Garcia later said he wished her a “hopeful New Year”.

Yesterday, several uniformed PNP officers assigned to secure Capitol offices were shut out. They couldn’t enter to start their morning shift. The doors were locked.

Acting Gov. Agnes Magpale, in a separate interview, said her standing order to the police to follow “super maximum tolerance” in the spirit of the Yuletide season is being carried out and that she was grateful that Garbo’s men have shown self-control even when provoked.

After Sunday’s pro-Garcia rally in front of the Capitol, which drew about 1,000 supporters with placards saying “Padayon Gwen” and “LP stop harassment”, Magplale said the next steps have to be discussed when work resumes on Jan. 2.

“We will have to assess the situation… we’ll see,” said Magpale.

Garcia is spending New Year’s Eve with her family inside a fortified Capitol as they continue to wait for the Court of Appeals in Manila to act on their petition for a temporary restraining order filed last Dec. 20.

Instead of issuing a TRO, the court asked the Office of the Solicitor to file its comment on Garcia’s position that her suspension by the Office of the President was “illegal”.

As the principal law officer and legal defender of the Government, the OSG in its Dec. 27 comment said President Benigno Aquino didn’t violate any law in ordering Garcia’s suspension.

The OSG, citing the Local Government Code, said the decision of the Office of the President in administrative cases is “final and executory” and that an appeal does not prevent the decision from being implemented.

Her father, Deputy Speaker “Pabling” Garcia said the OSG was “wrong” and that an order of the President is appealable.

Cebu City Mayor Michael Rama, an ally, visited Garcia at the Capitol yesterday morning.

He said he didn’t want Cebu city police involved in the Capitol impasse, and would ask the new OIC police chief sr. Supt. Mariano Natuel to look in to the reported presence of a SWAT team.

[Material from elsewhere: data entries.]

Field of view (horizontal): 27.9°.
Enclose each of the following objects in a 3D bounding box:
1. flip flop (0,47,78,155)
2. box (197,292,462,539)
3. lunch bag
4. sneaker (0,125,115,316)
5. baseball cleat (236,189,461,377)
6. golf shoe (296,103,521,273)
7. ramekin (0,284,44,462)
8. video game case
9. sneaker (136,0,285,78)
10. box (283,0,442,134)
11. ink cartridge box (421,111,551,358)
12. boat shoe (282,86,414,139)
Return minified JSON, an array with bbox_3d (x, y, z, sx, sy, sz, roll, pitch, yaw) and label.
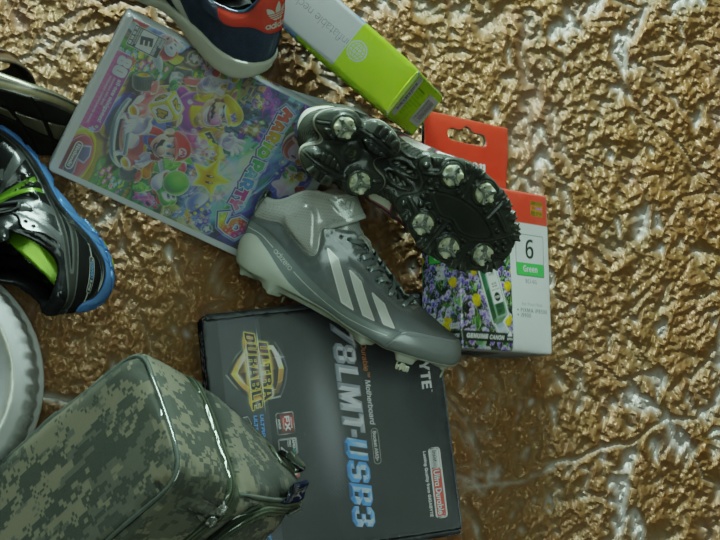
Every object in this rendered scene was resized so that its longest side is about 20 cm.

“Let the determination of who should be the rightful governor will be left alone,” he told reporters.

The rear entrance near the Provincial Assessor’s Office has been padlocked. Policemen who were detailed at the Treasurer’s Office, Accounting Office and the CCTV room were no longer allowed entry inside the Capitol building yesterday. At least four policemen were detailed for each office.

Gwendolyn, asked what was her New Year’s wish, said she is ‘hopeful that justice and truth will prevail’.

“Ako ning gilantaw nga dakong pagsulay kanako apan may katuyoan ang kahitas-an sa tanan nga panghitabo sa tagsa tagsa nato nga kinabuhi,” she said in an interview.

(I look forward to this big challenge because I know that there’s a higher purpose for each single life.)

“Ang importante dili ta mawad-an ug paglaum ug pagsalig sa labaw nga makakagahum nga nakakita niining tanan ug nasayod ug unsa gyud ang kamatuoran,” she added.

(What’s important is not to lose hope or faith in the Almighty who sees everything and knows the truth.)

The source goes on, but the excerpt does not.